I showed the assessment to my sister back home and she said over there they wouldn't give this assessment at this age, too early. But then our education system over there has become a fringging joke.
I hate(d) trigonometry with all my heart at school. Now, WHAT is this? I was thinking "let me save it for my kids that will exist in the un-calculated distant future" . But nay, I don't want to pre-spoil my mood.
But the biggest mistake was that the unit in the original problem is meters - not centimeters.
This is a classic example of something that sparks viral headlines ... "How many investment bankers does it take to solve a Y8 maths problem". Bonus points if you can also figure out how to screw in a lightbulb and walk and chew gum at the same time.
(Sorry, nothing productive to add here .... I gave up on trying to understand my kid's homework - even in subjects I studied at Uni!)
I was thinking this should be solved along the lines of a calculus question. The limit of the formula of area of a circle as r moves from 4 to 3
We have a traingle with side lengths 3, sqrt(7), and hypotenuse 4, but i can't figure out how to find the angle without law of sin to calculate the segment area blocked off by the wall?

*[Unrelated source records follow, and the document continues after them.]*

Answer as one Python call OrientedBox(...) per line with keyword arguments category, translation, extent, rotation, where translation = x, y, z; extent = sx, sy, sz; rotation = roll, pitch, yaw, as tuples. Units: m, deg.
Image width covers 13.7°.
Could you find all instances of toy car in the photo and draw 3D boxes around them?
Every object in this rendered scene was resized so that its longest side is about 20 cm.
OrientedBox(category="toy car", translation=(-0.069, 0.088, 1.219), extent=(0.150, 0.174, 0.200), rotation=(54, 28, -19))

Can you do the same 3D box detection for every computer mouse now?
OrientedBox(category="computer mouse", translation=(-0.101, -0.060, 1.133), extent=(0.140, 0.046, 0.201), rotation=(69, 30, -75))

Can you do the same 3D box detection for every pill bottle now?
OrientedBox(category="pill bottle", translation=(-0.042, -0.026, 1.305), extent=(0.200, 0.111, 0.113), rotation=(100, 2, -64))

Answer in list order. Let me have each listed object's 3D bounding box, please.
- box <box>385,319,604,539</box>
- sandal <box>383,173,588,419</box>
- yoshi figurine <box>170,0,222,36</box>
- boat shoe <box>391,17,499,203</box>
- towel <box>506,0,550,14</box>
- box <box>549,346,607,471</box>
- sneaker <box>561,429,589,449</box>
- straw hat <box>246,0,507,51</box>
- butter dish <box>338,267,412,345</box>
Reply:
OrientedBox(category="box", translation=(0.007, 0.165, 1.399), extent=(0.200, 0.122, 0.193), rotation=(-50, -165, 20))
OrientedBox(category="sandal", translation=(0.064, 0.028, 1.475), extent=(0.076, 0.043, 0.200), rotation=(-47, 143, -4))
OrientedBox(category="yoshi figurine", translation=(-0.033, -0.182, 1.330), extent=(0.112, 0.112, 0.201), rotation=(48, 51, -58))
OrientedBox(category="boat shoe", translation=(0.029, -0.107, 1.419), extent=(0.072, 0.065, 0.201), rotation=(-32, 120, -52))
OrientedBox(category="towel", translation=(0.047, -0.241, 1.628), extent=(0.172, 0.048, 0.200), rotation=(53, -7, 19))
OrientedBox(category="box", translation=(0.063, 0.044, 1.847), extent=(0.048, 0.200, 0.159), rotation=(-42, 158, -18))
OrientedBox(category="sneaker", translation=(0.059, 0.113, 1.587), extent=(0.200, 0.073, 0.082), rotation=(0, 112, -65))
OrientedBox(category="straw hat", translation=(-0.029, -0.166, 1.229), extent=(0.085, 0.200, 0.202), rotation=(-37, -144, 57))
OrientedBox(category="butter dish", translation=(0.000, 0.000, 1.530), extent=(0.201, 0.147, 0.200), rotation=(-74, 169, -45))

I cheated anyway and just used law of sin to find that interior 82.8 angle. But was there another way to figure that out?

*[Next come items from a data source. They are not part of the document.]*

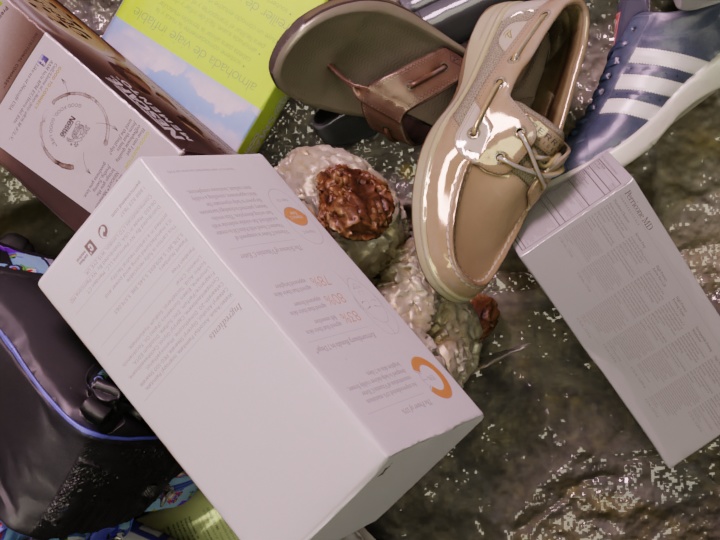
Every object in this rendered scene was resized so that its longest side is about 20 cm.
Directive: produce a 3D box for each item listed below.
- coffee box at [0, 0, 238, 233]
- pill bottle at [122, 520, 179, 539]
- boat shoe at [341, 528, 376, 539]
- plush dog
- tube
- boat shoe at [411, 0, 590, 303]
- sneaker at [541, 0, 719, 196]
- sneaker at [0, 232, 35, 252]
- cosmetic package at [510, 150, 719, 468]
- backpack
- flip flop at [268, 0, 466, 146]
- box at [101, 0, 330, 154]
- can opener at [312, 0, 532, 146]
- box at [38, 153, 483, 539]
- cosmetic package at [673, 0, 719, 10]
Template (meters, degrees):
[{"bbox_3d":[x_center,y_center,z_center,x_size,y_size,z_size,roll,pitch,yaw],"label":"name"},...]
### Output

Anyway, after doing that and plugging and chugging.
Area of Circle = 4^2*pi
Area of segment blocked off by wall = Area of Sector - Area of triangle from center post to ends of the 8 meter wall
Area of sector = (82.8/360)*16pi
Area of Triangle = 3*sqrt(7)
Total area grazable given at a rope of 4 meter length ~ 46.6 square meters.
This makes some intuitive sense as if you just assume triangles, 16 pi - a triangle that looks roughly 3 square meters large about 47 square meters.